### Aim of the task
Reproduce the full listing as it stands. Images do not belong in the copy.

### Data section
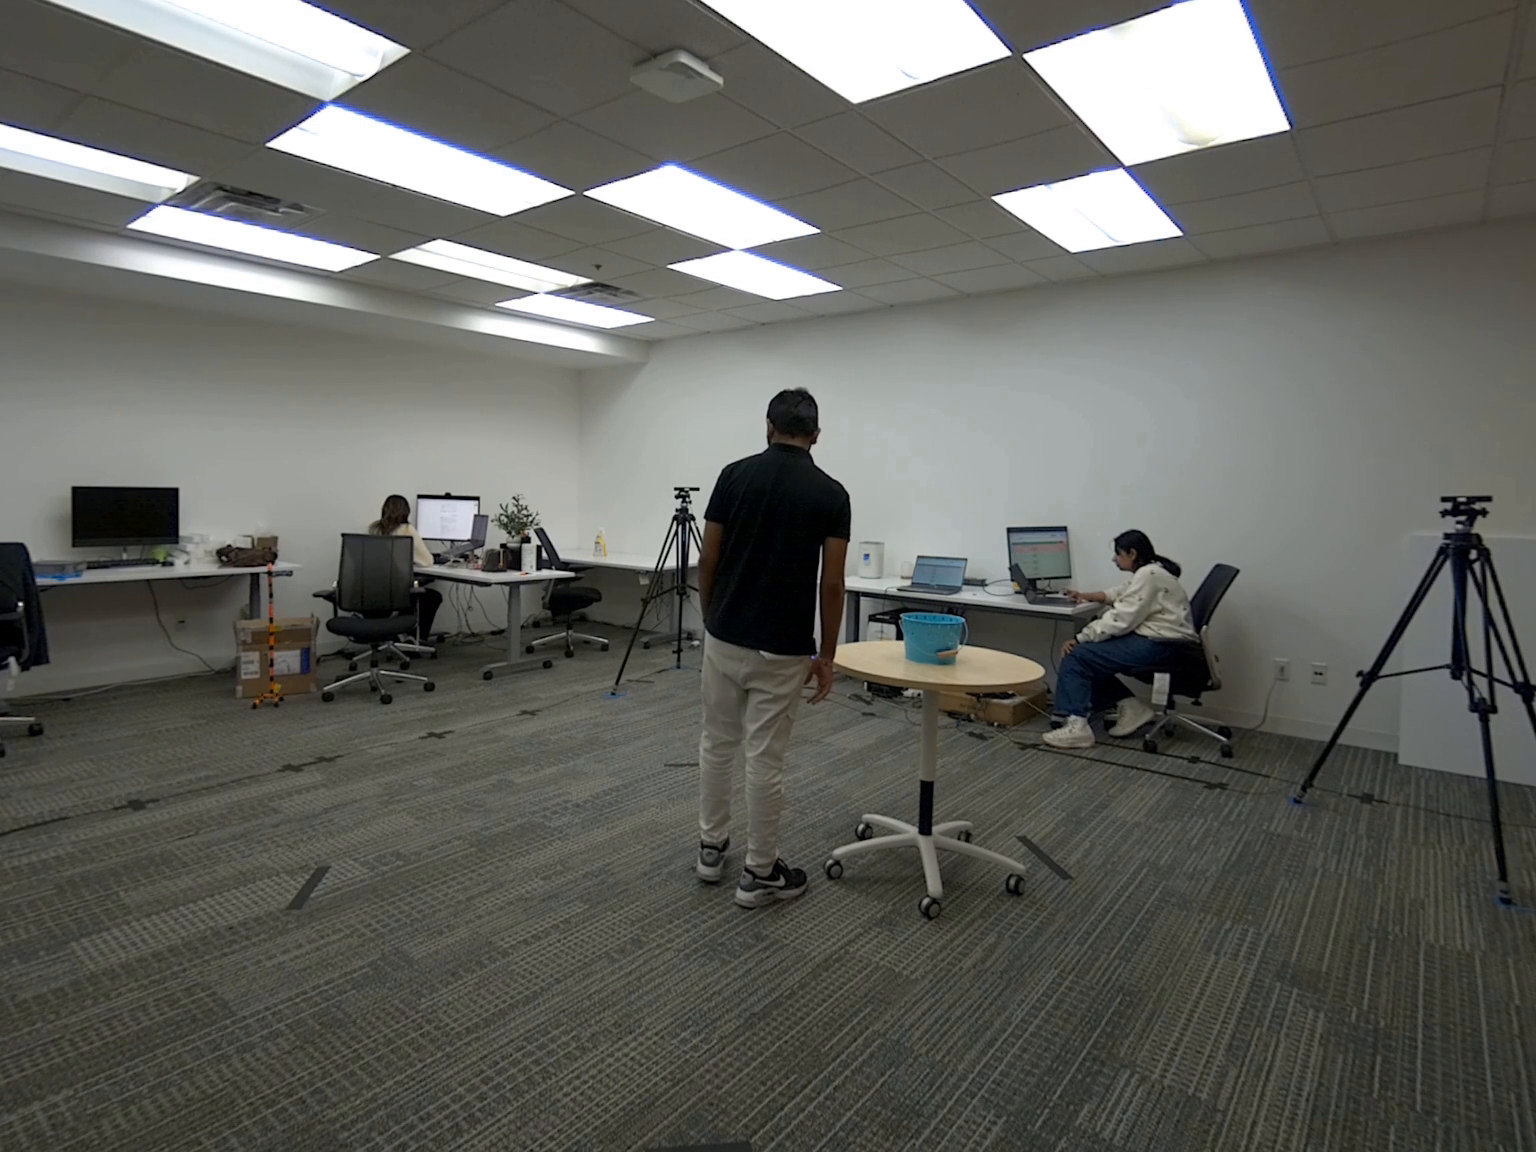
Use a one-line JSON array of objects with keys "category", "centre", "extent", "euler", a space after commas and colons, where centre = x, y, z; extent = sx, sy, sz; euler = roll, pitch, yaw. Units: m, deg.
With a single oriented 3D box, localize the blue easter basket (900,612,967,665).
[{"category": "blue easter basket", "centre": [0.592, 0.224, 3.107], "extent": [0.243, 0.155, 0.245], "euler": [4, 4, -2]}]

### Exercise solution
Use a one-line JSON array of objects with keys "category", "centre", "extent", "euler", a space after commas and colons, where centre = x, y, z; extent = sx, sy, sz; euler = roll, pitch, yaw. Units: m, deg.
With a single oriented 3D box, localize the blue easter basket (900,612,967,665).
[{"category": "blue easter basket", "centre": [0.592, 0.224, 3.107], "extent": [0.243, 0.155, 0.245], "euler": [4, 4, -2]}]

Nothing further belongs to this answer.